Но откуда у Гришки такие деньги? Он и так еле сводил концы с концами. Жёнка уже давно жила у своих родителей, мыкать горе по чужим углам не захотела, а он принципиально отказался идти в примаки, к тестю и тёще глаз не показывал, пристрастился к вину и жил бобылём: то там переночует, то там переспит, то в Приказе на ночь останется.

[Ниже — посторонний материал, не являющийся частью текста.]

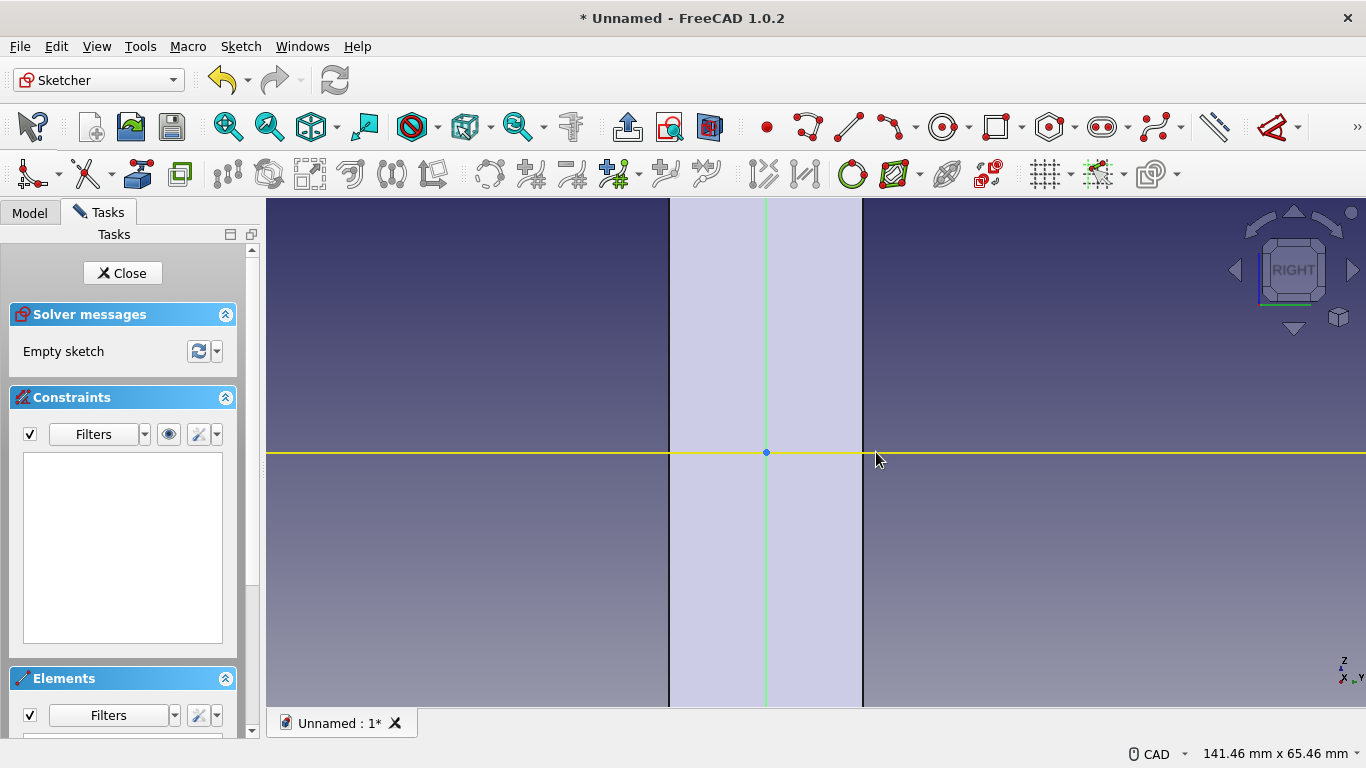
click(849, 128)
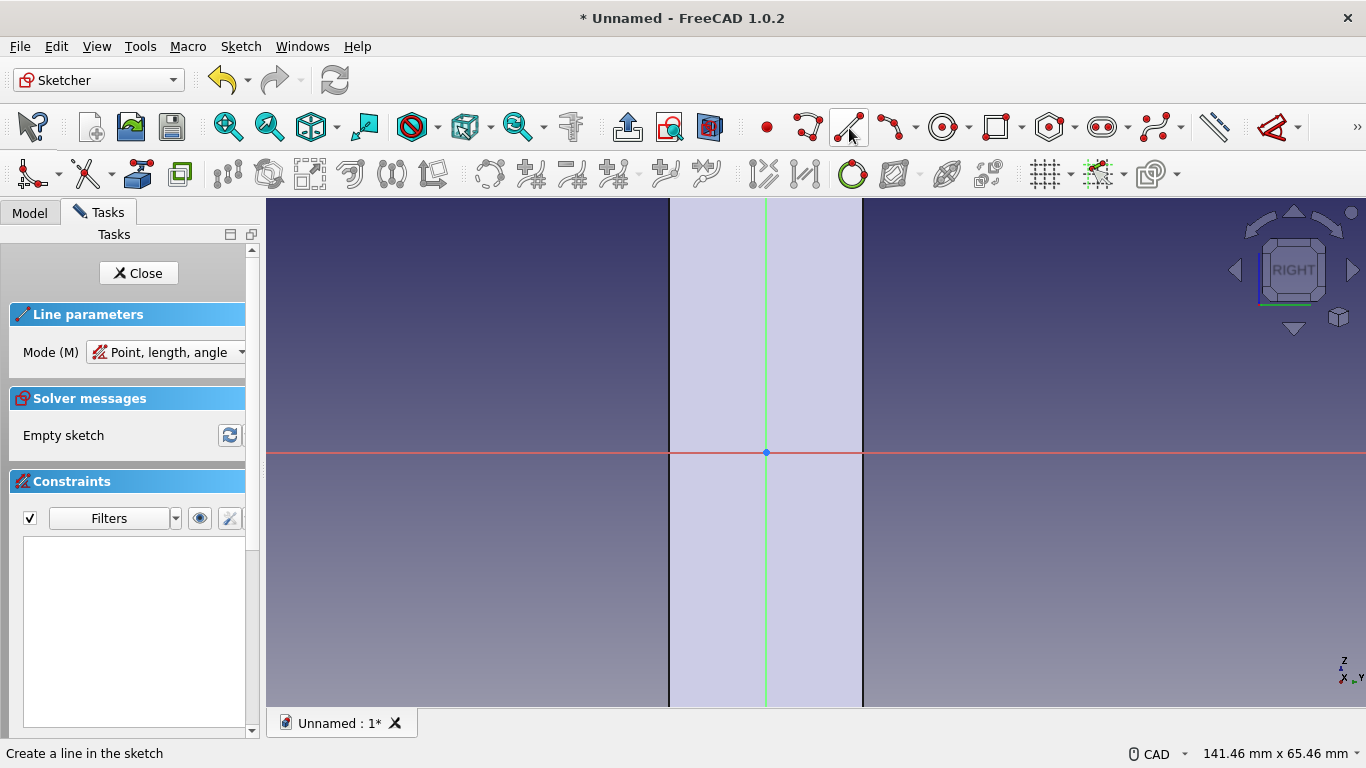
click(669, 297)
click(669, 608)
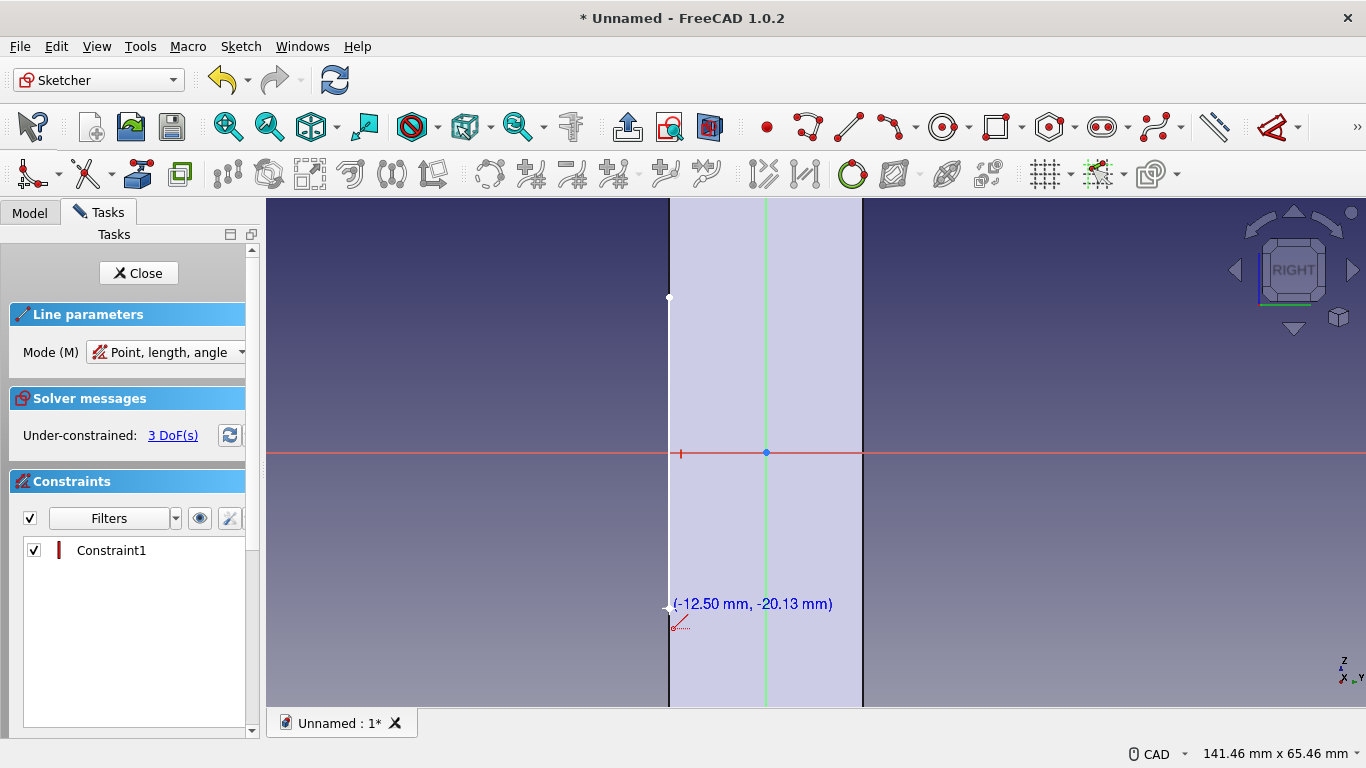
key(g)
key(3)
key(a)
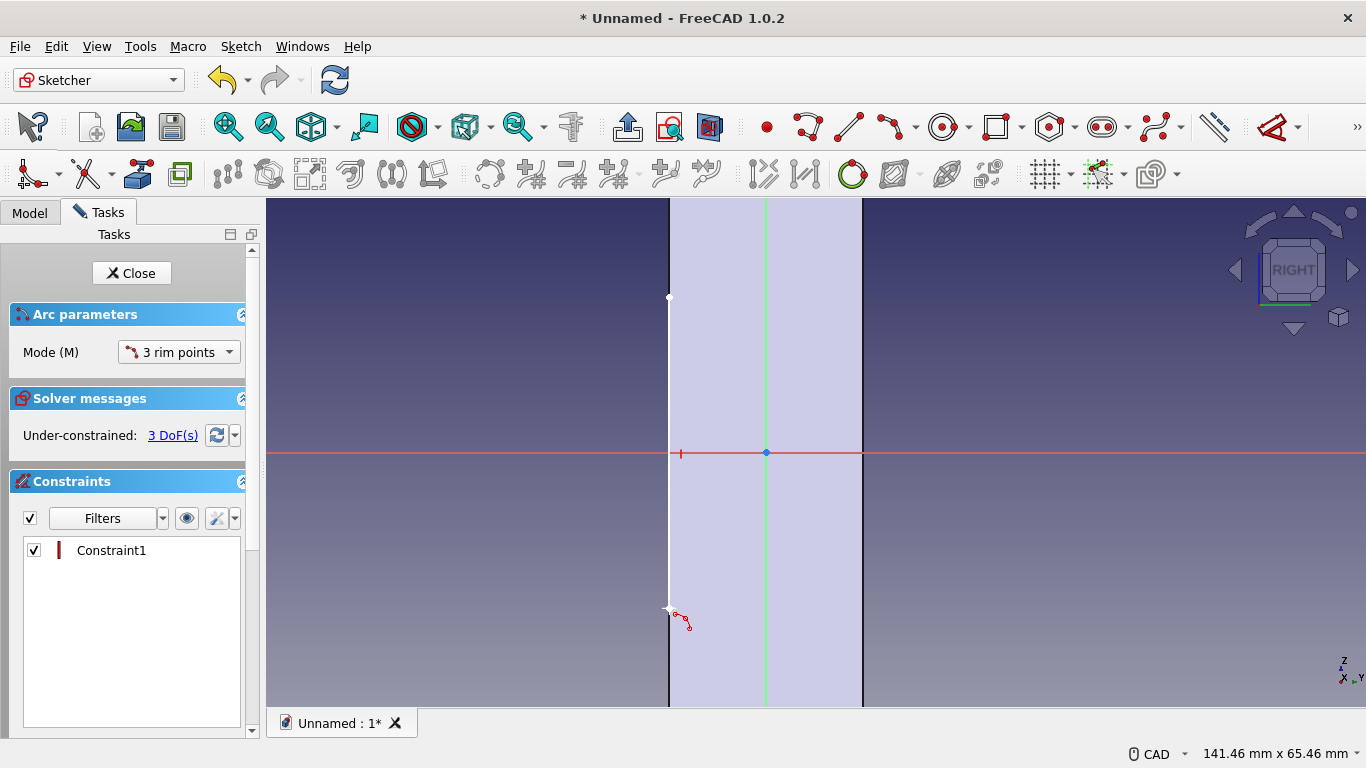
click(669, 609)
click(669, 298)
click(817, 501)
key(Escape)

Он с каждым днём всё острее чувствовал, что вырваться из порочного круга бедности и унижения ему, вероятно, уже никогда не удастся. Последнее время ему подняли жалованье аж на целых семь рублёв, но дороговизна всё съедала. Царь наградил его за удачную поездку в Швецию, Алмаз Иванов ценил его способности, однако всё это было зыбко и неустойчиво. В любой момент царь мог сменить милость на гнев, а дьяк Иванов мог попасть под опалу. Утешало только то, что многие подданные царя находились в ещё худшем состоянии.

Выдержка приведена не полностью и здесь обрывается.